> Try it: After repeating the line containing "Convert code to", stop; until then, repeat each line of the listing below exactly, starting with the first.

::: Records to use :::

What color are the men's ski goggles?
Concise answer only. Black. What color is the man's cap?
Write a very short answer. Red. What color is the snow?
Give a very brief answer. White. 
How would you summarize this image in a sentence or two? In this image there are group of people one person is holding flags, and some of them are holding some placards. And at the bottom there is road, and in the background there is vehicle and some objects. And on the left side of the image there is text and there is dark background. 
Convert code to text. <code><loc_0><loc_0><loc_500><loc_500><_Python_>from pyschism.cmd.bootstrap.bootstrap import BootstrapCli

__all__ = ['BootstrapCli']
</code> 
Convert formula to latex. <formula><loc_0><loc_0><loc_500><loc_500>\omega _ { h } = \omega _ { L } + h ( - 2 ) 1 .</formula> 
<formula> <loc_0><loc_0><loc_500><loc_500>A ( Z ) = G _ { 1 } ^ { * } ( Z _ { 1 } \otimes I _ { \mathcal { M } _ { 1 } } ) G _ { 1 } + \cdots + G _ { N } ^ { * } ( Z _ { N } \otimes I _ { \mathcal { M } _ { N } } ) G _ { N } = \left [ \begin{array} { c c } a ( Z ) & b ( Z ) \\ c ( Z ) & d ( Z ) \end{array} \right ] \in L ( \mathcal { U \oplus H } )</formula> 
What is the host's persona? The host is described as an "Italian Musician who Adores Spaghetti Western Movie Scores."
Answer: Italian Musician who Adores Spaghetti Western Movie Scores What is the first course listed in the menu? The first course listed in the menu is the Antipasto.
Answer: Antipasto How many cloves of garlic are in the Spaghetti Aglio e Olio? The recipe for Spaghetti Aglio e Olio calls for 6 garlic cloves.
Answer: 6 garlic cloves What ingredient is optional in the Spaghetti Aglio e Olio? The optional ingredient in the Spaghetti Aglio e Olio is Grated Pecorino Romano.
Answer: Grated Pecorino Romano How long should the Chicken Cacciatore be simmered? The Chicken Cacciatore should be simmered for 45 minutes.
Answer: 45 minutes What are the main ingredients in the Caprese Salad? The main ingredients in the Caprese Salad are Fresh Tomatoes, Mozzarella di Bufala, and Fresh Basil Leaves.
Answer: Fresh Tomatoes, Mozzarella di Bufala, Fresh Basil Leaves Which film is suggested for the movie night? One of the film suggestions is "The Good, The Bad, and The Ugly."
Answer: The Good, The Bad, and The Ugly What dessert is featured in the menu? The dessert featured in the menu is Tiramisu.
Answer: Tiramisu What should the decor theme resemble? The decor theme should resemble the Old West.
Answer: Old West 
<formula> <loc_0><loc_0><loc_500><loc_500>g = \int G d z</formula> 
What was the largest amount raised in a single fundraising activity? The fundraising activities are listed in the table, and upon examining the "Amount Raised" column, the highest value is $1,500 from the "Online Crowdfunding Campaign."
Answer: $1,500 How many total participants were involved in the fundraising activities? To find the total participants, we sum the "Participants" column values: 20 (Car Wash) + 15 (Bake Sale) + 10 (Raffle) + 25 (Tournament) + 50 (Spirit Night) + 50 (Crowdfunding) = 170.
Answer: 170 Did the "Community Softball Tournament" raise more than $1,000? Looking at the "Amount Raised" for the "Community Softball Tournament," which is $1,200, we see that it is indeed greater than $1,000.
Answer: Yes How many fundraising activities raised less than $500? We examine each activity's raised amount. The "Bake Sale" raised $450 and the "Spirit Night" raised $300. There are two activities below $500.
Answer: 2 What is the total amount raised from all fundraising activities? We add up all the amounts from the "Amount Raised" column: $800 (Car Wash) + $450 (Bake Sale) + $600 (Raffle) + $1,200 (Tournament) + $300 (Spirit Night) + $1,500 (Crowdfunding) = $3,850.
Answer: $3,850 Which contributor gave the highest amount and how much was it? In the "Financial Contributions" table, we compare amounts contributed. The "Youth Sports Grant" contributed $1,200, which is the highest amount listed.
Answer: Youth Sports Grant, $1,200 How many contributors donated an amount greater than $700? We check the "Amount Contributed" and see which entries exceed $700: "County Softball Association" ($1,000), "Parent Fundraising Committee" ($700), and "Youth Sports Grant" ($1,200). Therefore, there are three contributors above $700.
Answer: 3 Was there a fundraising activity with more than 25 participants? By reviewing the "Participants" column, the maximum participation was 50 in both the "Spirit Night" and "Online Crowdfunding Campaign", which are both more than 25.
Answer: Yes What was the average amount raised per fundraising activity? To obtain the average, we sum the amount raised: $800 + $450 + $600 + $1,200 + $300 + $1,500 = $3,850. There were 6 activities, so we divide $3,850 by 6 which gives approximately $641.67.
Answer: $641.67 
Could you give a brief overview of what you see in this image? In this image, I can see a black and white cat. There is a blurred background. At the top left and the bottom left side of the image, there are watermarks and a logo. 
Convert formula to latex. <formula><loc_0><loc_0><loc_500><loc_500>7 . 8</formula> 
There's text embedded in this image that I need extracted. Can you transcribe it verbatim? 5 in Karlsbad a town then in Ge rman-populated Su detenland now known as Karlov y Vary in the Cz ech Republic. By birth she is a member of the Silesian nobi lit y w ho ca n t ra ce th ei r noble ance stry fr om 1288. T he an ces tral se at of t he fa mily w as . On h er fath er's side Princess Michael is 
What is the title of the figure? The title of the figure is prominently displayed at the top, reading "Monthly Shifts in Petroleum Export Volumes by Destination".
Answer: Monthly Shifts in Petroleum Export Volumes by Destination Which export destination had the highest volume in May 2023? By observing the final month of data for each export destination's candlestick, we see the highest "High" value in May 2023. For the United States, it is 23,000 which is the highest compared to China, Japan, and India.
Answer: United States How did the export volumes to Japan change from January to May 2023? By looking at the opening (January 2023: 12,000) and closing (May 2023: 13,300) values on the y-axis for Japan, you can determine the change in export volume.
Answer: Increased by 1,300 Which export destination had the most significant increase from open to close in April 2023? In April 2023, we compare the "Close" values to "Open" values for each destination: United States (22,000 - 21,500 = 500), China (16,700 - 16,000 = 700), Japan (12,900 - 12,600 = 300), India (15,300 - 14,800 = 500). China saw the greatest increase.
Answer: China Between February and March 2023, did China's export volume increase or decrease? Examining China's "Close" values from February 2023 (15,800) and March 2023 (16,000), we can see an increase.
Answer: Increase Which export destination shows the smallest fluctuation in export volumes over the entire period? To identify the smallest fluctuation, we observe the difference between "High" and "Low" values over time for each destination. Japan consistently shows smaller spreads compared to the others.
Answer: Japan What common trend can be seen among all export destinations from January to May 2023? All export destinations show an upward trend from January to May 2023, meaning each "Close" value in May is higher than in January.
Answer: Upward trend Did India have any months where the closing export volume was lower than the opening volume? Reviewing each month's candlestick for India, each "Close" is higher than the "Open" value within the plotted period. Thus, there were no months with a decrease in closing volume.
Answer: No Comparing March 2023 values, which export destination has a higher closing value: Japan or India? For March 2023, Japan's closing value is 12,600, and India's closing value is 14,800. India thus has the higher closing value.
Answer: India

:::

> Answer for this exercise:
What color are the men's ski goggles?
Concise answer only. Black. What color is the man's cap?
Write a very short answer. Red. What color is the snow?
Give a very brief answer. White. 
How would you summarize this image in a sentence or two? In this image there are group of people one person is holding flags, and some of them are holding some placards. And at the bottom there is road, and in the background there is vehicle and some objects. And on the left side of the image there is text and there is dark background. 
Convert code to text. <code><loc_0><loc_0><loc_500><loc_500><_Python_>from pyschism.cmd.bootstrap.bootstrap import BootstrapCli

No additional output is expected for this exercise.